Photo Tips for CHCs

The Medallion featured some photography tips for County Historical Commission (CHC) appointees. We want our pictures to document projects and events in ways that will help others see the value of preservation.

We have created five photo tips webpages that address a variety of picture-taking challenges. This first page discusses framing interior event photos.

Take Another Look

Let's consider people in pictures. Action shots are great if you have a good camera and know how to capture the excitement of a moment. However, when we try to photograph people in motion, we usually end up with blurry pictures or images that provide little context for what is actually happening. Here's an example.

THC's History Programs Division held a luncheon for Sarah McCleskey, historian for the Texas Historical Markers Program, to celebrate the upcoming birth of her son, Anson. Below is a picture of Sarah and fellow historian, Linda Henderson, as they fill their plates.
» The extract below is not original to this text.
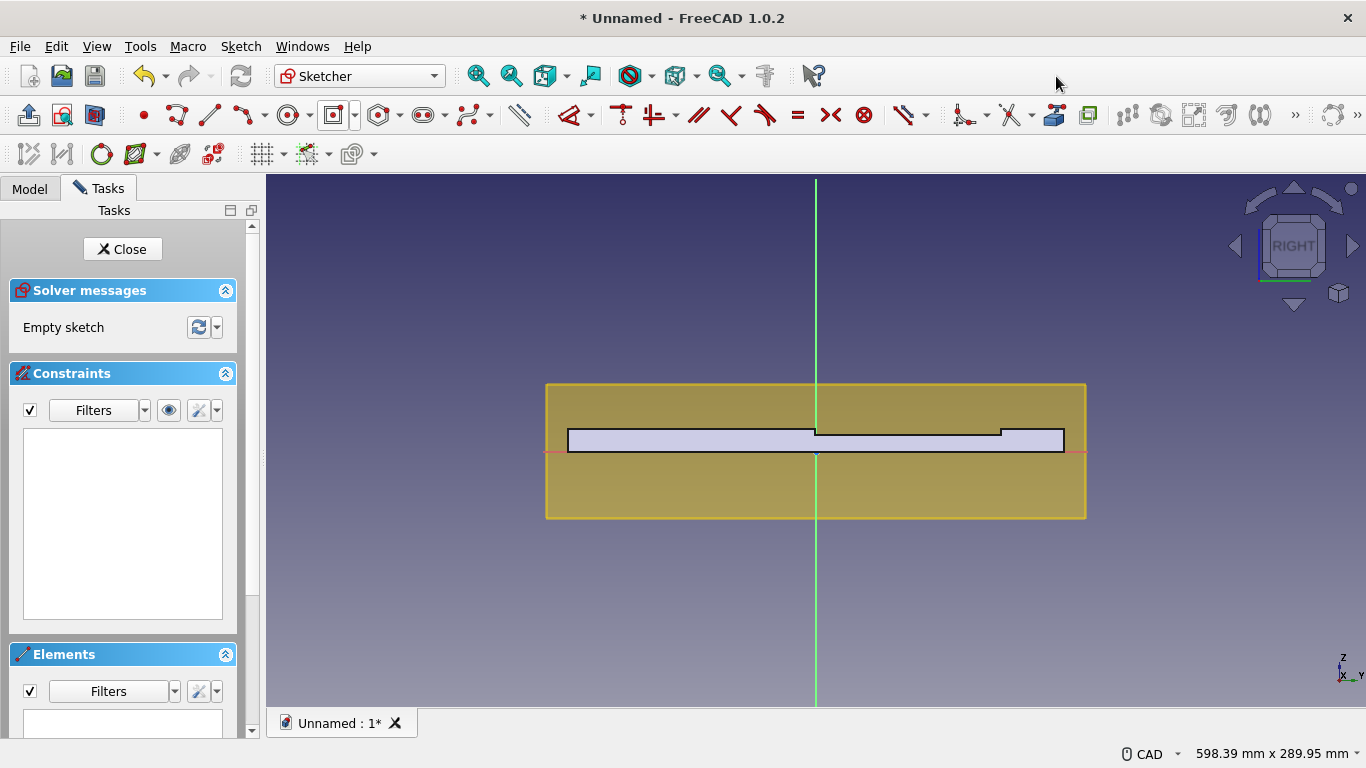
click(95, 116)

Not exactly a keeper, right? Sarah is blurry, the light from the window is overpowering, the focal point is the toaster oven, and Linda . . . well, Linda doesn't know we posted this picture of her.

So, we asked them to pose for us. Much better! Background isn't very festive but we have sweet, happy smiles.

What can you do to improve the background of your picture if its setting is less than desirable? You can always ask people to move to a more picturesque location or try changing the angles used to take the picture.

Here is a picture of Sarah's magically delicious punch--beautiful punch bowl and a very pretty table cloth. Downside? There's a dirty air vent in the background.

We easily could have moved the table while setting up but our priority wasn't presentation since this was a simple office party. If you are planning an event to showcase your preservation accomplishments, you'll want to spend time staging the event for set up, sight lines, and circulation.

Here's an image of the dessert table; the picture was taken from up above and aimed down to avoid the unattractive surroundings. The subject matter isn't particularly interesting (unless you're a cheesecake fan) but the picture illustrates how experimenting with various angles may mask unsightly surroundings and make a picture a bit more interesting.